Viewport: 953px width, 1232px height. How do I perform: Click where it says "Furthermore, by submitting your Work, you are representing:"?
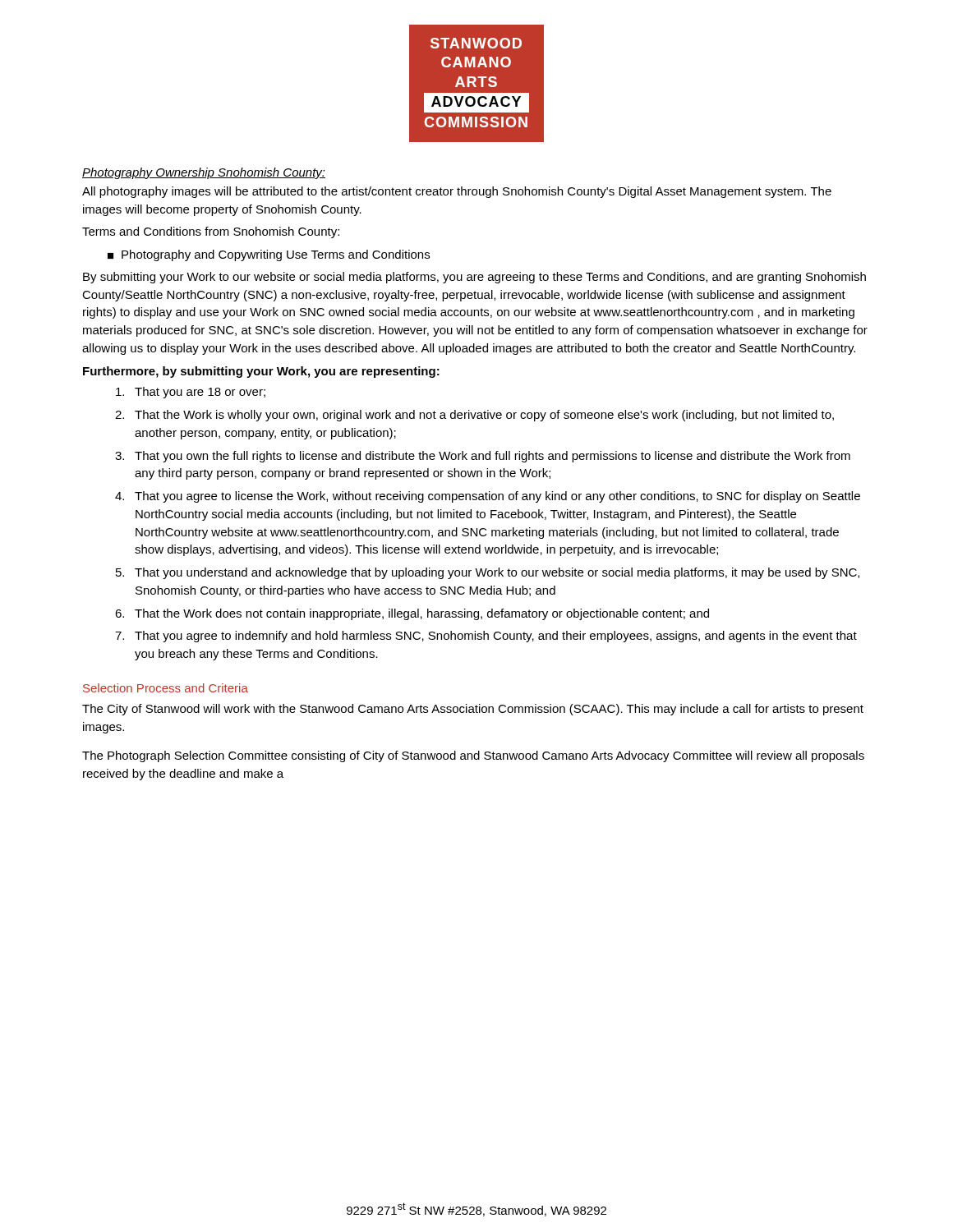[261, 371]
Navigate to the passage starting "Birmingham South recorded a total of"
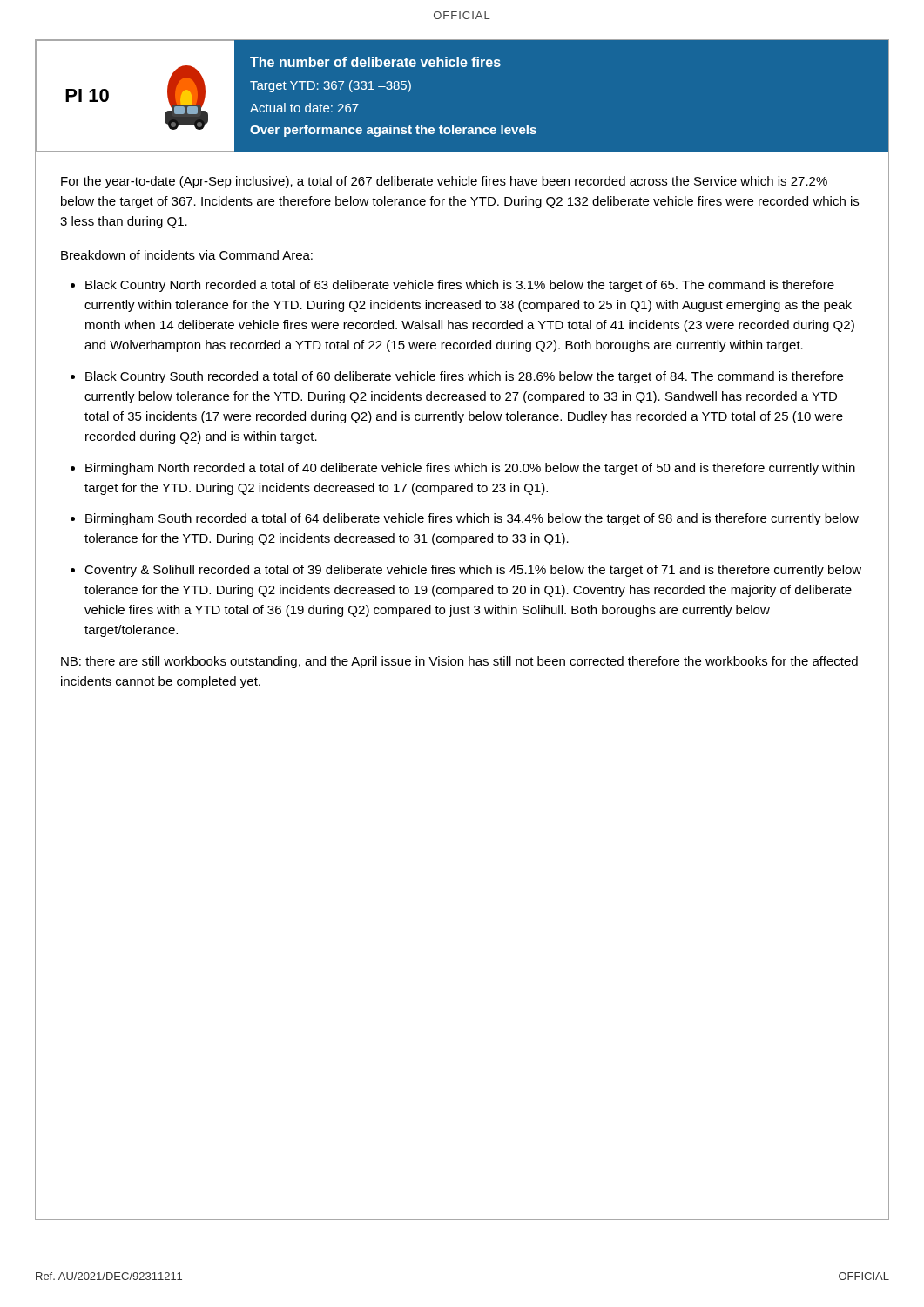This screenshot has height=1307, width=924. pyautogui.click(x=471, y=528)
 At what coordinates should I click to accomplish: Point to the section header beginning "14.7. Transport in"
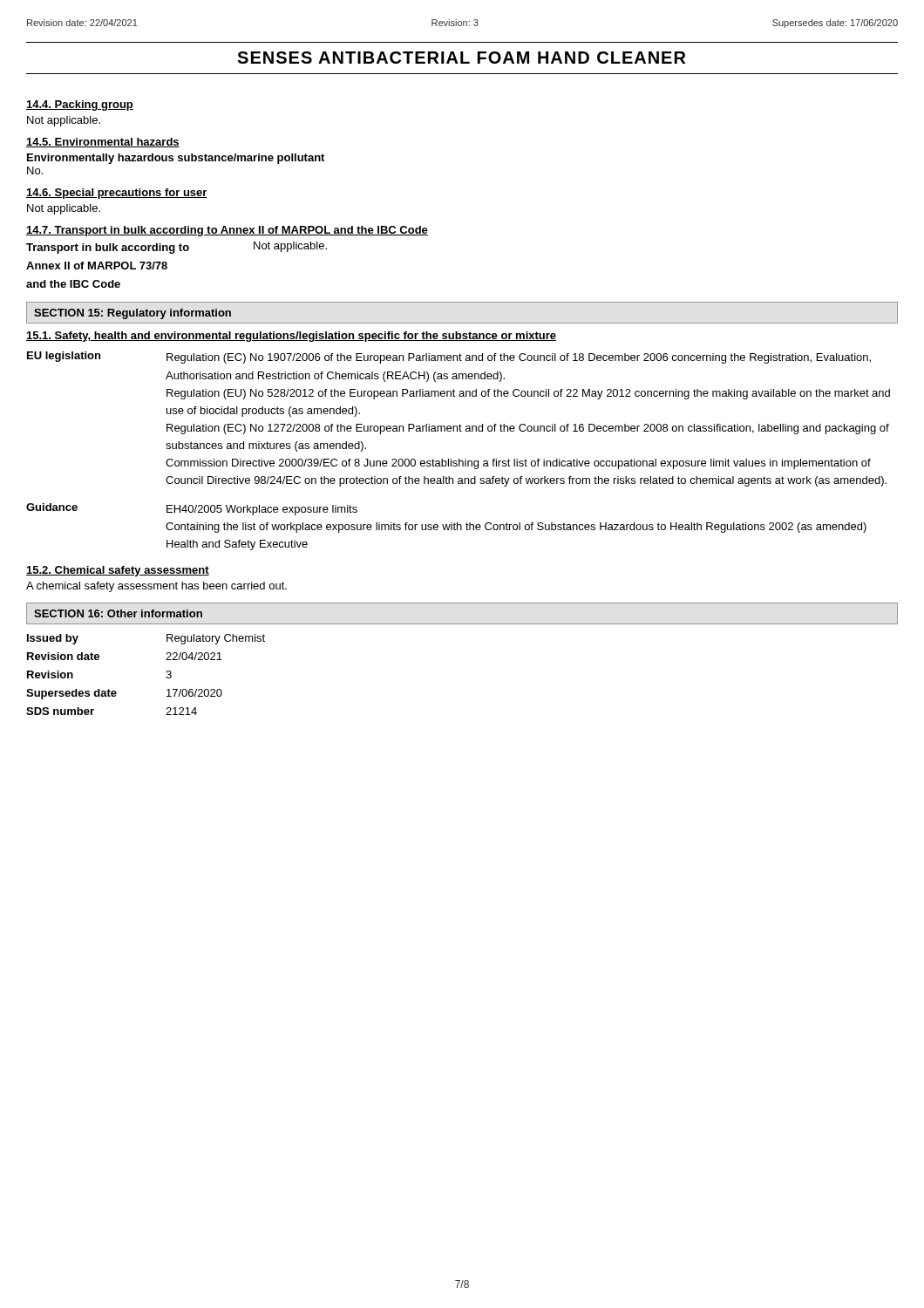227,230

────────────────────────────────────────

Please retype the material in full, exactly as it reads, apart from the images.

Viewport: 953px width, 1232px height. How do I perform: Click where it says "Furthermore, by submitting your Work, you are representing:"?
[261, 371]
Navigate to the passage starting "Birmingham South recorded a total of"
This screenshot has height=1307, width=924. pyautogui.click(x=471, y=528)
 At what coordinates should I click to accomplish: Point to the section header beginning "14.7. Transport in"
227,230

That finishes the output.